While the short term remains difficult to forecast, fundamentals drive cash flows and cash flows drive asset prices, and these fundamentals are units, price, margin and earnings.
What is certain today is the elevated level of worldwide corporate debt, particularly in the US, where it has exceeded pre–global financial crisis levels.
Many companies have resorted to using their balance sheets to sustain free cash flow growth levels, and the credit markets were willing financers thanks to central bank quantitative easing.
The overall quality of the corporate bond market deteriorated. The percentage of BBB-rated corporates in the Global Credit Index has almost doubled since the global financial crisis.
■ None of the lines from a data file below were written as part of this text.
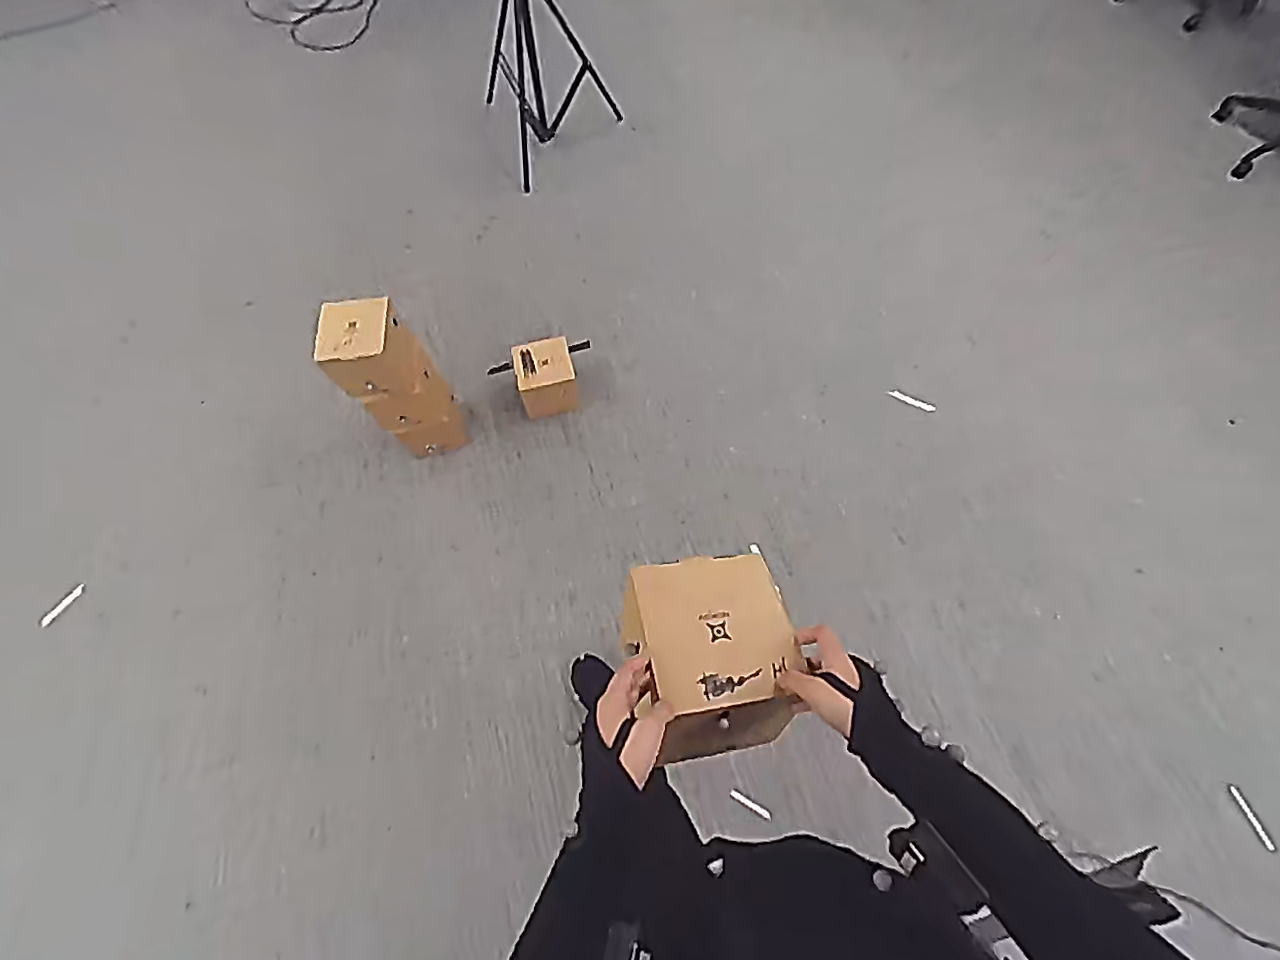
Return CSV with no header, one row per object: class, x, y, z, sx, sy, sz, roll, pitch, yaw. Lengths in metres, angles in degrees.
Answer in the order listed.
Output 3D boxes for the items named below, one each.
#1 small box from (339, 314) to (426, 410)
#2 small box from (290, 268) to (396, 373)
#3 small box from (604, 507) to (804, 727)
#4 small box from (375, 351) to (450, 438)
small box,-0.698,-0.318,1.476,0.168,0.176,0.179,-12,68,-4
small box,-0.718,-0.387,1.327,0.168,0.176,0.179,-7,67,-2
small box,0.054,0.153,0.615,0.168,0.176,0.179,-4,48,-12
small box,-0.686,-0.253,1.623,0.168,0.176,0.179,-14,67,-5

Whether credit concerns manifest themselves in 2019 or much later, leverage is the common concern across our global research platform because, in our view, highly leveraged companies have less control over their own destinies.
Without above-average unit sales growth or pricing power, margins and earnings will ultimately fall as input costs rise, as companies face higher interest rates when rolling over maturing low coupon debt.
Companies that have become less competitive in a digital economy will no longer benefit from leniency on the part of credit rating agencies. And their hunger for credit could come at a time when the bond market is experiencing indigestion. Funding rates, for some, may become operationally prohibitive, and many could become stressed. Under that scenario, asset selection will be critical, as differentiating between those companies with sustainable margins and those without will have a greater impact on portfolio returns than it has in recent years.
The combination of high corporate leverage and margins, against elevated cyclically-adjusted earnings multiples, is the source of our below-average 10-year return forecasts (at 4% in USD terms).
We believe investors should reorient their portfolio emphasis from above-average return generation to risk assessment.